··· Source information

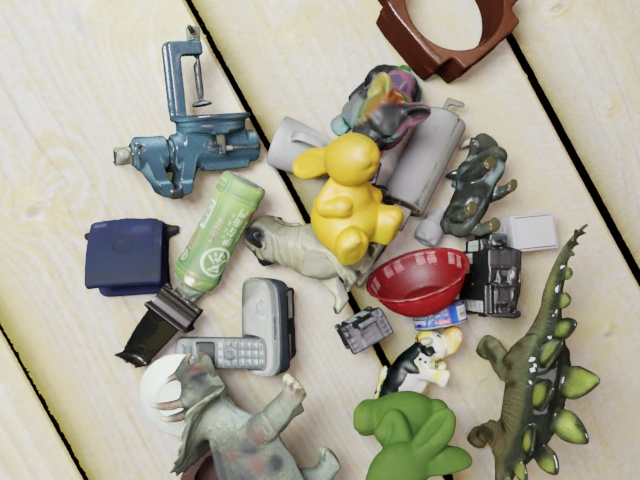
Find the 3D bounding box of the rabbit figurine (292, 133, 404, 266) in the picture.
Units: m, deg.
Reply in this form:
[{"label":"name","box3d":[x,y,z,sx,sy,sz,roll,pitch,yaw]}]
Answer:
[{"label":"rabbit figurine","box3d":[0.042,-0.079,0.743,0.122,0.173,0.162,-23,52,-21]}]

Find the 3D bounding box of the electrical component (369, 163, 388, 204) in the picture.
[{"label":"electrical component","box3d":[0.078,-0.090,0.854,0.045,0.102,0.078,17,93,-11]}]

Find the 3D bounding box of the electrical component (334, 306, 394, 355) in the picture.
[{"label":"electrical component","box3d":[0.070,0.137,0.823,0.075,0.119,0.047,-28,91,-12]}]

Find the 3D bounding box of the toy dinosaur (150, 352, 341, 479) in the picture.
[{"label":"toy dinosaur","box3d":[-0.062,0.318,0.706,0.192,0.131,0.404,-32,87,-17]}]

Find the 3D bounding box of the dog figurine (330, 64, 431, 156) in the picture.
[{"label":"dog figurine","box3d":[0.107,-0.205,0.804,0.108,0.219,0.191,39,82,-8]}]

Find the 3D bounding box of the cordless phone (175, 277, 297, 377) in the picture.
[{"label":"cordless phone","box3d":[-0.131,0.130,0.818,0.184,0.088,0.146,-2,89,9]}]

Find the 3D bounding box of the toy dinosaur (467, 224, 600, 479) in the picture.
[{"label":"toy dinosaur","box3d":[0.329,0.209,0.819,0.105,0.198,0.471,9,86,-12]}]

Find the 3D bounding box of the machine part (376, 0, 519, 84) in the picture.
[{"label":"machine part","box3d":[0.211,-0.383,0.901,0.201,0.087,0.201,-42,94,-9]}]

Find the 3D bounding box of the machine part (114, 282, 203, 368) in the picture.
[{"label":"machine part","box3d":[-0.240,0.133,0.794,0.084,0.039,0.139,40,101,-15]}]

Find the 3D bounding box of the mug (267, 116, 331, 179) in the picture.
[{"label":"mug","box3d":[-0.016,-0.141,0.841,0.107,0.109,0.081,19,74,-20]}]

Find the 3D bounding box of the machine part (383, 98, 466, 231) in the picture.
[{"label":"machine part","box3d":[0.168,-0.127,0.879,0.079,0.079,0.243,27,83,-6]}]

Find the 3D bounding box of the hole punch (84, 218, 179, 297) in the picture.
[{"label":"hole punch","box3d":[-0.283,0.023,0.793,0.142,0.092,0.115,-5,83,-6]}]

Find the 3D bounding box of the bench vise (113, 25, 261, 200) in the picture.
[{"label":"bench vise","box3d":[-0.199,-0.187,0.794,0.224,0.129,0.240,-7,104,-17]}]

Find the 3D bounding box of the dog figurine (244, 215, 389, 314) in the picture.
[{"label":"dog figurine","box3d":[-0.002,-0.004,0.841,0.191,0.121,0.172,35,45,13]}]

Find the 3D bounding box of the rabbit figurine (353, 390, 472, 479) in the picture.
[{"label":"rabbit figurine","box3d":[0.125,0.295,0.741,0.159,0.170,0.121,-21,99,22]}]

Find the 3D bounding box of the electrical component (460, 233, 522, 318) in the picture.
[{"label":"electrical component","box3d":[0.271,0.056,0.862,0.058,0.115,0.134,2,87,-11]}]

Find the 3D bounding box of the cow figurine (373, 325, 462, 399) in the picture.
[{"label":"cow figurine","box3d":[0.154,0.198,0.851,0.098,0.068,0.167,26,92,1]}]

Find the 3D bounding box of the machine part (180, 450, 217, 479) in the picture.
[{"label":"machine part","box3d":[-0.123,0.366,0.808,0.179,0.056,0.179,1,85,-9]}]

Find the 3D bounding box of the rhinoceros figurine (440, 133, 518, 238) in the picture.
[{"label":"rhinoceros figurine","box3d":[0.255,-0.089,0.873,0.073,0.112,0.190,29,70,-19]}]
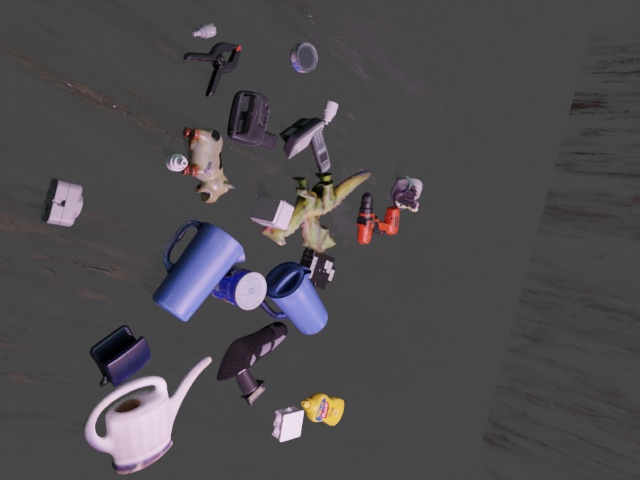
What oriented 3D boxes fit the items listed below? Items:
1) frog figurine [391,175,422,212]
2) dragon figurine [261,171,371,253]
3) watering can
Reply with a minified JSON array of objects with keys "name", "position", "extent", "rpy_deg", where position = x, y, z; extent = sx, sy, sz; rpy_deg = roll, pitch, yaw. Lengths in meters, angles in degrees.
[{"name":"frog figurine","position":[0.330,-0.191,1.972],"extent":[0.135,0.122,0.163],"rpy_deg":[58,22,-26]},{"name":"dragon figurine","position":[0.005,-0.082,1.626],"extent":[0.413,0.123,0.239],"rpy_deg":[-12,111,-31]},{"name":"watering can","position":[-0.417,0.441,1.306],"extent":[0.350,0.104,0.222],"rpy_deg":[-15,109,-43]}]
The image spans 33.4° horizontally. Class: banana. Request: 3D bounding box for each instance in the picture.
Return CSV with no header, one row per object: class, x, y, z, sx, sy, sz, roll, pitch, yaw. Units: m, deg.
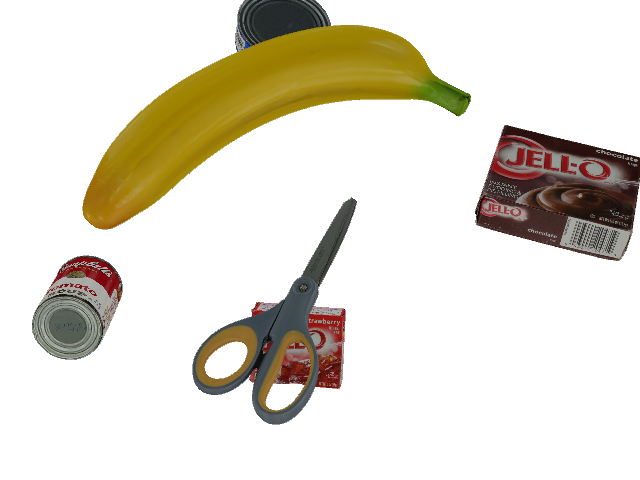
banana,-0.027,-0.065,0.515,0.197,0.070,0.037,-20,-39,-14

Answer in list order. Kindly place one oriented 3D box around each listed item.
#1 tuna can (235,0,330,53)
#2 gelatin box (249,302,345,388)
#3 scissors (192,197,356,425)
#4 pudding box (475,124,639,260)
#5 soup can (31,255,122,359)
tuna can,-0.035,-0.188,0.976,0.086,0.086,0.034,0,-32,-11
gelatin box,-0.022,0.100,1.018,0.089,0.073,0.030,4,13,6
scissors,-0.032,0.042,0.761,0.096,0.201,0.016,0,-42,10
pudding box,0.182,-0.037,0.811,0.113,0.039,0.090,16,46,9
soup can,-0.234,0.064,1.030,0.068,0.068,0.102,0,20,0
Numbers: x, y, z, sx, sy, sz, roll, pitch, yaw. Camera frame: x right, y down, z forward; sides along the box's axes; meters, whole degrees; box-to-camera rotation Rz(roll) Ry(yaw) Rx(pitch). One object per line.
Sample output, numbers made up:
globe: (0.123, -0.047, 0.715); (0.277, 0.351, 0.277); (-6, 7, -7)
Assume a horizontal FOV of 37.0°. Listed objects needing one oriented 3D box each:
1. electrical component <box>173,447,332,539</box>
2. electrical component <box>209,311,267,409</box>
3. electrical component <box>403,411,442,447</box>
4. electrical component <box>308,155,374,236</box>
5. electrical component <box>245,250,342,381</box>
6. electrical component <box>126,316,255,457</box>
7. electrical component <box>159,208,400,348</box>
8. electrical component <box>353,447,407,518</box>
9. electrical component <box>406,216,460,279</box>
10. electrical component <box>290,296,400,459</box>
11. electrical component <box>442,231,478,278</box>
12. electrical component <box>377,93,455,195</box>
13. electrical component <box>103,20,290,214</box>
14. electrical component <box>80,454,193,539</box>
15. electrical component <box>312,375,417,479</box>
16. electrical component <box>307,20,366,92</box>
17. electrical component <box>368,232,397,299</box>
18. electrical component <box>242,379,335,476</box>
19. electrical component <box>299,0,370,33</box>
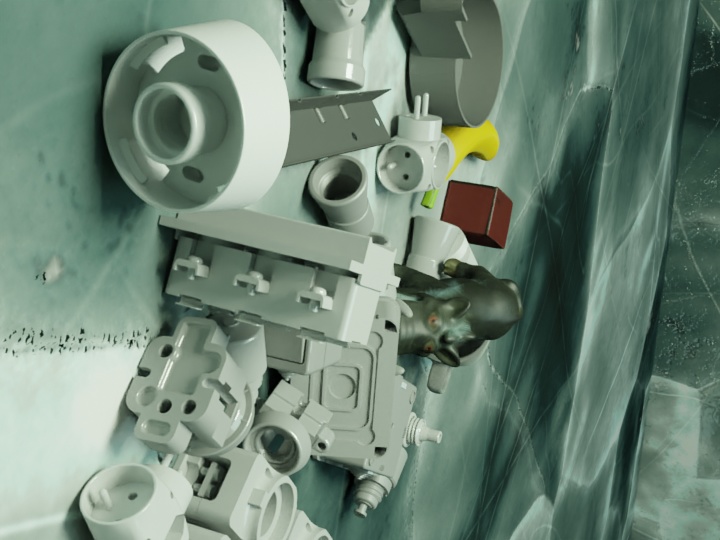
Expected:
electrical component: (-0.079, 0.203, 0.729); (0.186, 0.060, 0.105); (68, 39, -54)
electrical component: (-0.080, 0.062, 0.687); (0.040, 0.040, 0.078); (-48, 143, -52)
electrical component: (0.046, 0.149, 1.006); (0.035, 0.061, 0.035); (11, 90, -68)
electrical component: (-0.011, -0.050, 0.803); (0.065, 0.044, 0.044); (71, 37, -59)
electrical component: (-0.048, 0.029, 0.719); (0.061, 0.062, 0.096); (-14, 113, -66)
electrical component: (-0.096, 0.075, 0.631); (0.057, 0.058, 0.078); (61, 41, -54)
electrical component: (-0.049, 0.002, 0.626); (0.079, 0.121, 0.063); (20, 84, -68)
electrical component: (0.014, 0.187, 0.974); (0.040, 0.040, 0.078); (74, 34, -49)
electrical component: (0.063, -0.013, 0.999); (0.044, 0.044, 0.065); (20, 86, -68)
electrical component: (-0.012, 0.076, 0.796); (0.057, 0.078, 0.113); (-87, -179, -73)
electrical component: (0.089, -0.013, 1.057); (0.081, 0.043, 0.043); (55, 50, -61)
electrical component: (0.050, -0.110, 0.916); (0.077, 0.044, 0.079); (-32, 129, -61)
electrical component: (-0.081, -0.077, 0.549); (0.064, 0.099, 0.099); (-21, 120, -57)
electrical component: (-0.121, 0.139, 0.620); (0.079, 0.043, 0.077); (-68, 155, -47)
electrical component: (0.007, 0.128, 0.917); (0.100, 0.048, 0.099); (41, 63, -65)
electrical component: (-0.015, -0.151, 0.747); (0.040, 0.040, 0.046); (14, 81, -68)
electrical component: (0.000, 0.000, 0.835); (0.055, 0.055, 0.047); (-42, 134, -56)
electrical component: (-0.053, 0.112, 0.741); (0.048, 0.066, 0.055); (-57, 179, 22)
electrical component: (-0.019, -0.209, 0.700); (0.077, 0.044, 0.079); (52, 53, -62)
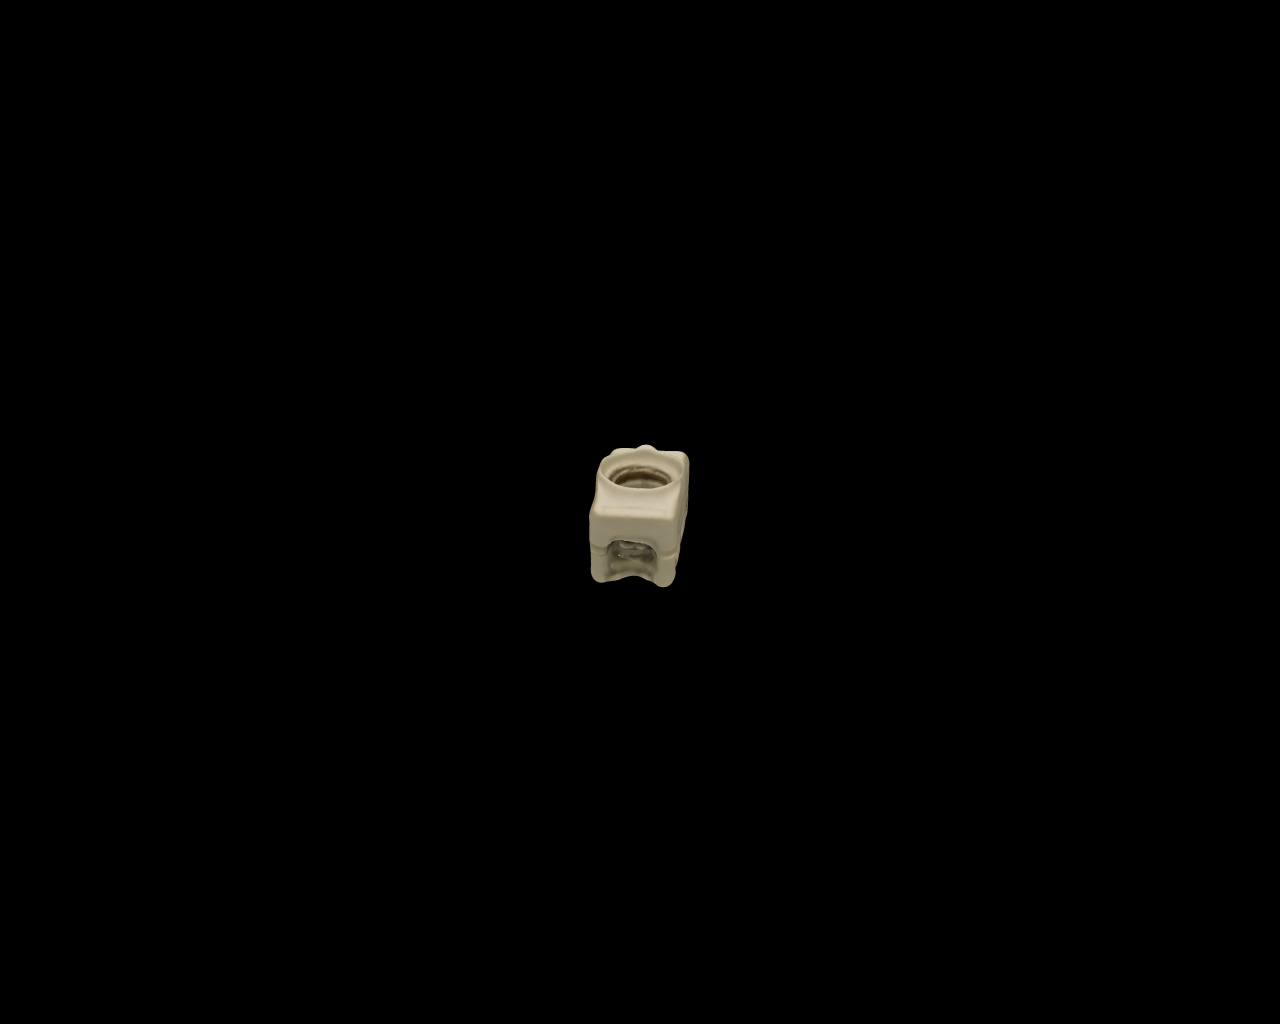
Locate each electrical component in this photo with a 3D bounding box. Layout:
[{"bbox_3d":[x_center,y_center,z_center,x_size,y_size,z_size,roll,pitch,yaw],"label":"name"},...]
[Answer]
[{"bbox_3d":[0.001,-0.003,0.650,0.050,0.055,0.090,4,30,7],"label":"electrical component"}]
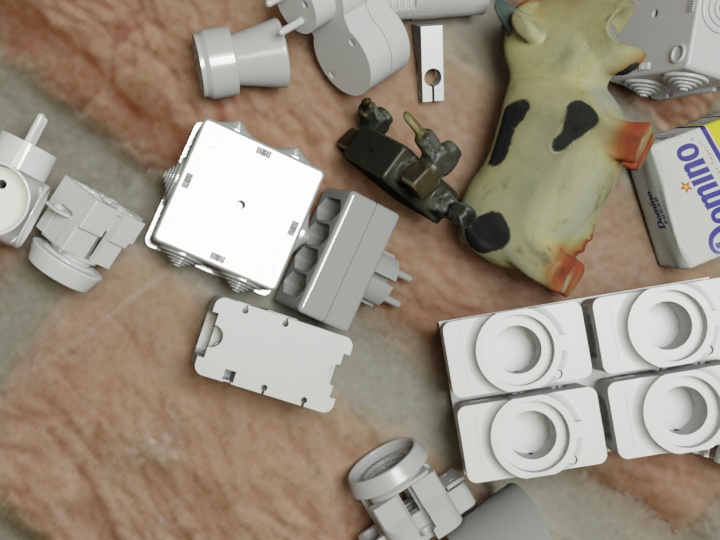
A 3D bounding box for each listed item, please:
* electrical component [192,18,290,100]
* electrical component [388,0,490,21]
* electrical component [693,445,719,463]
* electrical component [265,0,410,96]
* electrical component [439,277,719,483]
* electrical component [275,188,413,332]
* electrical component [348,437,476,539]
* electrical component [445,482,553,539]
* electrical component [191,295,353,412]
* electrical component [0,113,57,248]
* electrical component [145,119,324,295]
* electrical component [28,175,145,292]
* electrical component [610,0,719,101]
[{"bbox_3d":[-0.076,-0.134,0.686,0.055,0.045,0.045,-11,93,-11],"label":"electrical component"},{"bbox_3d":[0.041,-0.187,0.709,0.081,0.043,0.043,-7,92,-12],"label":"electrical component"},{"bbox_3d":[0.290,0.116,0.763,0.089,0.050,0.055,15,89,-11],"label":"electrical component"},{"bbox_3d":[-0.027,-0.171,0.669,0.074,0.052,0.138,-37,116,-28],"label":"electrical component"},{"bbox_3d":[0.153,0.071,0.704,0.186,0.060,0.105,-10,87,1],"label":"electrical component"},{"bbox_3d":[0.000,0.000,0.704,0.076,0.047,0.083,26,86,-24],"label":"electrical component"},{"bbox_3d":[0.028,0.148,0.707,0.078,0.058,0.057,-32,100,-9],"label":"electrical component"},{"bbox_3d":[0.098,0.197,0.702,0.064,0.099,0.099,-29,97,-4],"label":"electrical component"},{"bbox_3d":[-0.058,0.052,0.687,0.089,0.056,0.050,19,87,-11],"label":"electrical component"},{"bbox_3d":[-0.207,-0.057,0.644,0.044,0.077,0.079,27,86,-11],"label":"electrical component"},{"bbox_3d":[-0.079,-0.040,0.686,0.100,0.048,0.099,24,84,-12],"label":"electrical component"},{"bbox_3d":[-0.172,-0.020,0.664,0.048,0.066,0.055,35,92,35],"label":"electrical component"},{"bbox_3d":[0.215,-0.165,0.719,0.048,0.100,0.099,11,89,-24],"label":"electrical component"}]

······

- Task goal
Reproduce the lines of the entries above from the one with "#1 tuna can (235,0,330,53)" to the one with "6. electrical component <box>126,316,255,457</box>", both included, exactly and without any other line.

- Answer to this problem
#1 tuna can (235,0,330,53)
#2 gelatin box (249,302,345,388)
#3 scissors (192,197,356,425)
#4 pudding box (475,124,639,260)
#5 soup can (31,255,122,359)
tuna can,-0.035,-0.188,0.976,0.086,0.086,0.034,0,-32,-11
gelatin box,-0.022,0.100,1.018,0.089,0.073,0.030,4,13,6
scissors,-0.032,0.042,0.761,0.096,0.201,0.016,0,-42,10
pudding box,0.182,-0.037,0.811,0.113,0.039,0.090,16,46,9
soup can,-0.234,0.064,1.030,0.068,0.068,0.102,0,20,0
Numbers: x, y, z, sx, sy, sz, roll, pitch, yaw. Camera frame: x right, y down, z forward; sides along the box's axes; meters, whole degrees; box-to-camera rotation Rz(roll) Ry(yaw) Rx(pitch). One object per line.
Sample output, numbers made up:
globe: (0.123, -0.047, 0.715); (0.277, 0.351, 0.277); (-6, 7, -7)
Assume a horizontal FOV of 37.0°. Listed objects needing one oriented 3D box each:
1. electrical component <box>173,447,332,539</box>
2. electrical component <box>209,311,267,409</box>
3. electrical component <box>403,411,442,447</box>
4. electrical component <box>308,155,374,236</box>
5. electrical component <box>245,250,342,381</box>
6. electrical component <box>126,316,255,457</box>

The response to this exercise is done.